___ Records shown
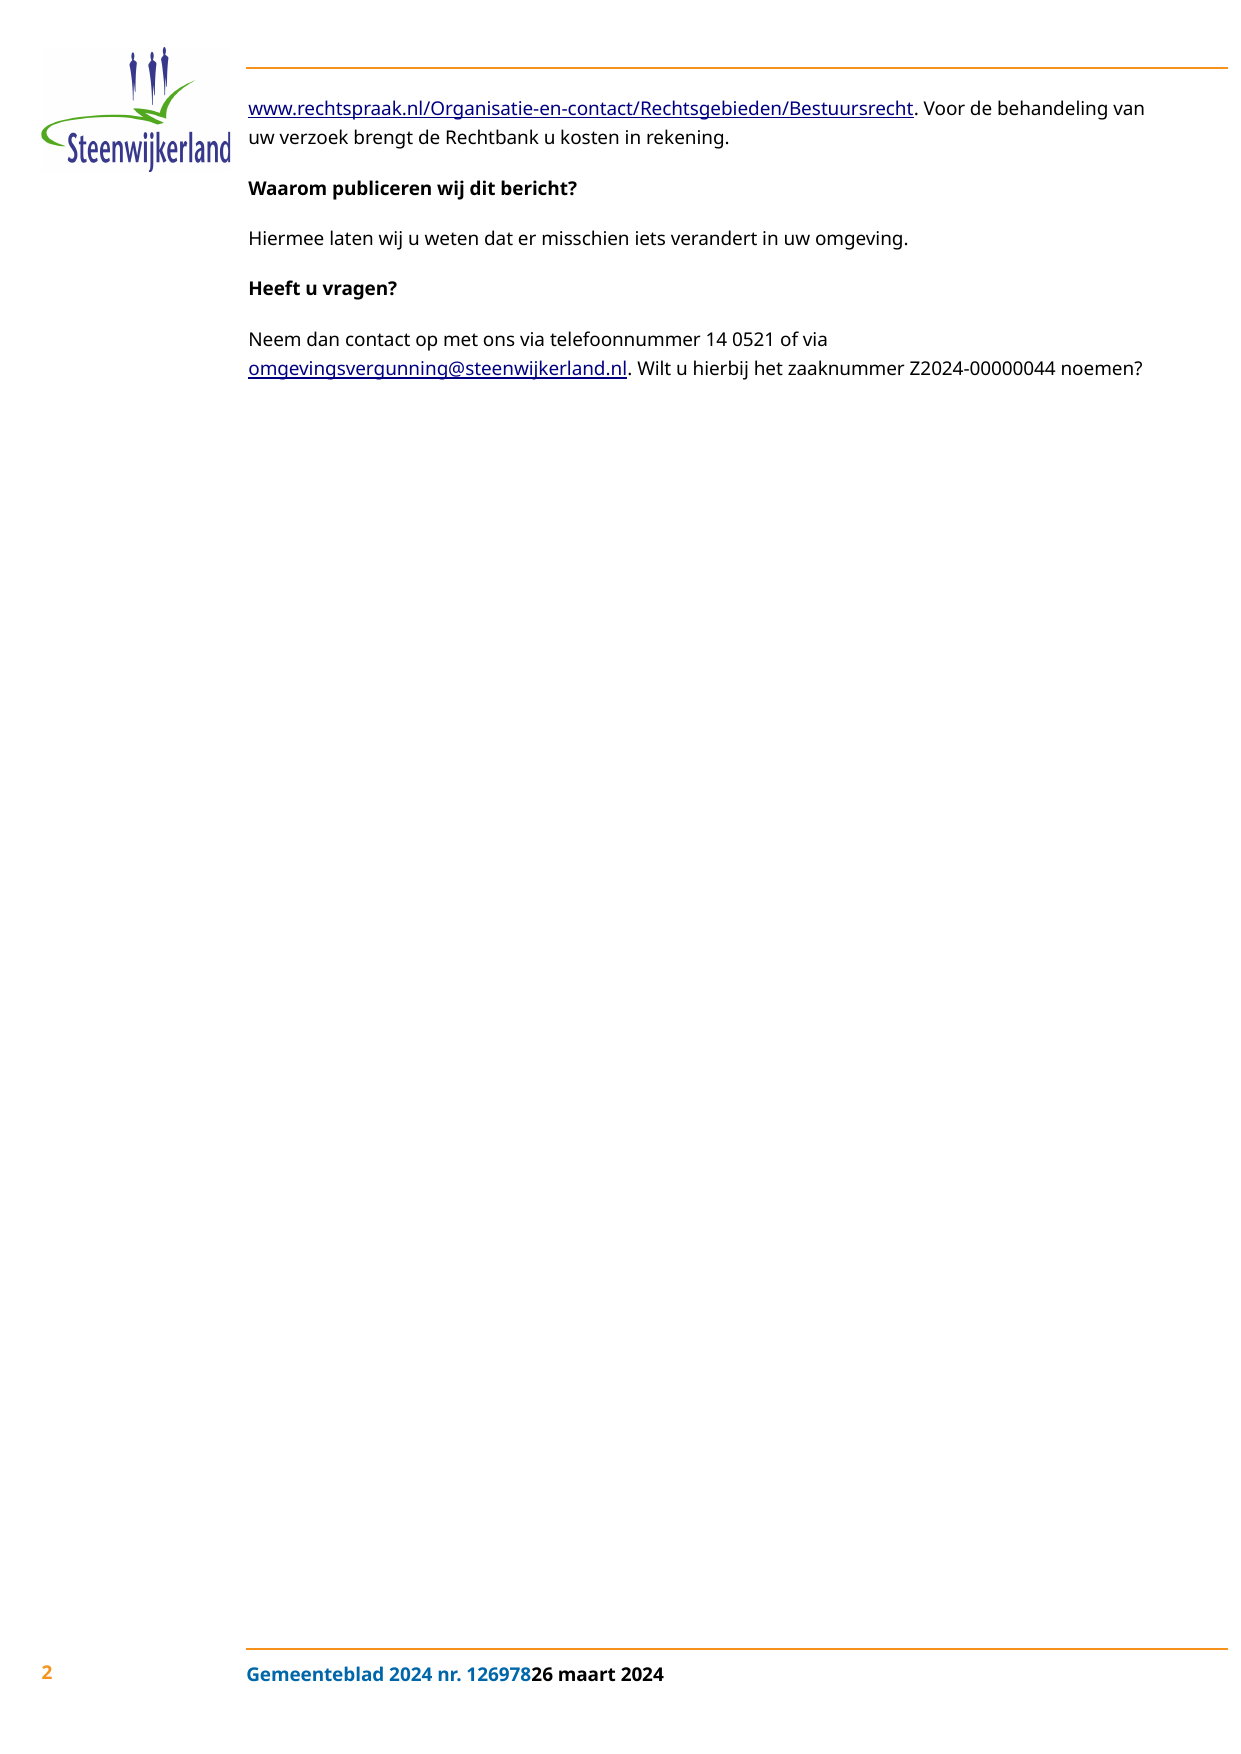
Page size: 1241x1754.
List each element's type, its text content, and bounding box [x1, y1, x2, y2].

text Hiermee laten wij u weten dat er misschien iets verandert in uw omgeving. [248, 225, 1152, 251]
text Heeft u vragen? [248, 276, 1152, 301]
text Waarom publiceren wij dit bericht? [248, 175, 1152, 201]
text www.rechtspraak.nl/Organisatie-en-contact/Rechtsgebieden/Bestuursrecht. Voor de behandeling van uw verzoek brengt de Rechtbank u kosten in rekening. [248, 95, 1152, 150]
picture [41, 47, 231, 172]
text Neem dan contact op met ons via telefoonnummer 14 0521 of via omgevingsvergunning@steenwijkerland.nl. Wilt u hierbij het zaaknummer Z2024-00000044 noemen? [248, 326, 1152, 381]
______
### Work request
In your output, repeat the listing above exactly and include none of the pictures.

### Expected answer
Page size: 1241x1754.
List each element's type, its text content, and bounding box [x1, y1, x2, y2].

text Hiermee laten wij u weten dat er misschien iets verandert in uw omgeving. [248, 225, 1152, 251]
text Heeft u vragen? [248, 276, 1152, 301]
text Waarom publiceren wij dit bericht? [248, 175, 1152, 201]
text www.rechtspraak.nl/Organisatie-en-contact/Rechtsgebieden/Bestuursrecht. Voor de behandeling van uw verzoek brengt de Rechtbank u kosten in rekening. [248, 95, 1152, 150]
picture [41, 47, 231, 172]
text Neem dan contact op met ons via telefoonnummer 14 0521 of via omgevingsvergunning@steenwijkerland.nl. Wilt u hierbij het zaaknummer Z2024-00000044 noemen? [248, 326, 1152, 381]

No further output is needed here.